Le premier ne prêtera aucune attention au bol de fer car il ne se cassera jamais. Cela signifie, qu’il travaille ou pas, il est régulièrement payé. Tandis que le second sera plus attentif car le bol de verre peut se casser. C’est à dire s’il ne travaille, il ne sera pas payé. En dernière analyse, ces dysfonctionnements reposent en toile de fond la gestion des établissements scolaires. La crise d’autorité est à l’origine des contre performances.
A cette crise d’autorité, nous ajouterons la problématique de l’évaluation professionnelle. En effet, l’évaluation professionnelle qui aurait pu être un facteur de performance et également un garde-fou contre certaines dérives est aujourd’hui pervertie.
L’évaluation professionnelle des enseignants : un système perverti A la fin de chaque année, chaque enseignant, à l’instar des autres agents de la fonction publique se voit attribué une note administrative. Les critères d’appréciation sont les qualités professionnelles de l’agent, son comportement au travail, son rendement et sa capacité d’initiative.
Cette note permet à l’enseignant d’être compétition pour l’avancement au choix qui assure le changement de catégorie. Ce changement de catégorie concerne 60% des agents « les mieux notés ».

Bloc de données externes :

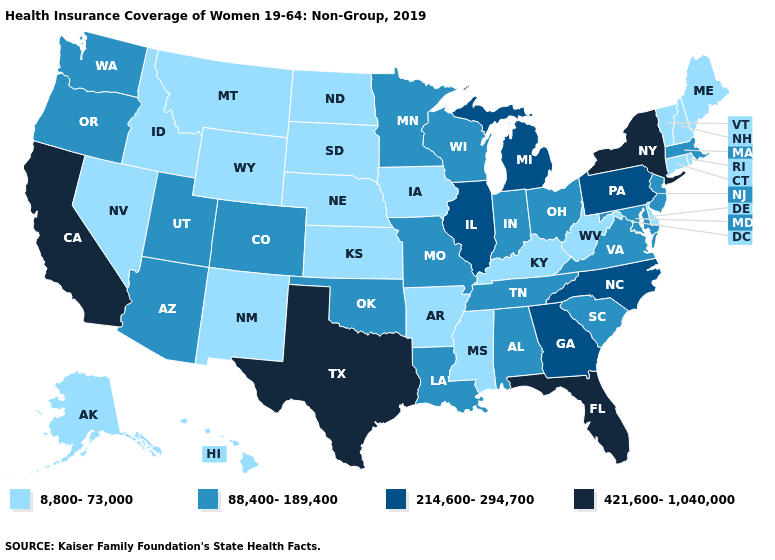Name the states that have a value in the range 88,400-189,400?
Give a very brief answer. Alabama, Arizona, Colorado, Indiana, Louisiana, Maryland, Massachusetts, Minnesota, Missouri, New Jersey, Ohio, Oklahoma, Oregon, South Carolina, Tennessee, Utah, Virginia, Washington, Wisconsin. What is the value of Texas?
Keep it brief. 421,600-1,040,000. What is the value of Illinois?
Quick response, please. 214,600-294,700. Among the states that border New Hampshire , which have the highest value?
Be succinct. Massachusetts. What is the lowest value in the South?
Answer briefly. 8,800-73,000. Name the states that have a value in the range 214,600-294,700?
Keep it brief. Georgia, Illinois, Michigan, North Carolina, Pennsylvania. Which states have the lowest value in the MidWest?
Write a very short answer. Iowa, Kansas, Nebraska, North Dakota, South Dakota. Name the states that have a value in the range 421,600-1,040,000?
Short answer required. California, Florida, New York, Texas. Does the first symbol in the legend represent the smallest category?
Quick response, please. Yes. What is the highest value in the USA?
Quick response, please. 421,600-1,040,000. What is the value of North Carolina?
Quick response, please. 214,600-294,700. Does the map have missing data?
Be succinct. No. Which states have the lowest value in the USA?
Answer briefly. Alaska, Arkansas, Connecticut, Delaware, Hawaii, Idaho, Iowa, Kansas, Kentucky, Maine, Mississippi, Montana, Nebraska, Nevada, New Hampshire, New Mexico, North Dakota, Rhode Island, South Dakota, Vermont, West Virginia, Wyoming. Which states hav the highest value in the West?
Short answer required. California. Name the states that have a value in the range 214,600-294,700?
Answer briefly. Georgia, Illinois, Michigan, North Carolina, Pennsylvania.

Cependant depuis quelques années, ce système d’évaluation a été perverti. Dans beaucoup de cas l’évaluation n’est plus sincère. Et si l’on n’y prend garde, elle risque de devenir une caution à la médiocrité.
Il est fréquent de rencontrer des enseignants obtenir dès leur première année d’exercice une note de 19,75 / 20. Dès fois cette note est loin d’être le résultat d’un comportement professionnel exemplaire. Et le chef d’établissement qui attribue cette note n’ose plus donner une note inférieure, quelles que soient les performances de l’enseignant.
Aujourd’hui, même avec cette note « d’excellence », on a peu de chance de faire partie des 60% des agents qui sont choisi lors des travaux de commission. En effet, fruit d’un arrangement, les notes sont artificiellement dopées. Lorsqu’on entend des jeunes collègues qui viennent de débuter dans l’enseignement, dire que « 19 / 20 n’est pas une bonne note », on comprend que cette forme d’évaluation a été dévoyée.
Pourtant, rigoureusement appliquée, comme cela a été dans le passé elle pourrait être à la fois dissuasive contre certaines dérives et devenir un puissant stimulant pour booster les performances dans le secteur de l’éducation. Pour une école de rigueur et de responsabilité.
En définitive, l’assainissement du secteur de l’enseignement, plus qu’une nécessité, demeure une urgence. Une meilleure maîtrise du pilotage du système éducatif doit reposer sur l’esprit de rigueur et de responsabilité.
Dans cette optique, il convient d’améliorer le management des établissements scolaires. L’ancienneté ne doit plus être l’unique critère pour accéder au poste de chef d’établissement. La compétence et la probité morale doivent être privilégiées. L’évaluation professionnelle doit être plus rigoureuse et objective en mettant l’accent sur les principes éthiques et déontologiques.
L’enseignement de qualité auquel les élèves ont droit devrait reposer avant tout sur une gestion de qualité des établissements scolaires. Le salut de l’école publique ne peut provenir que d’une refonte des mentalités.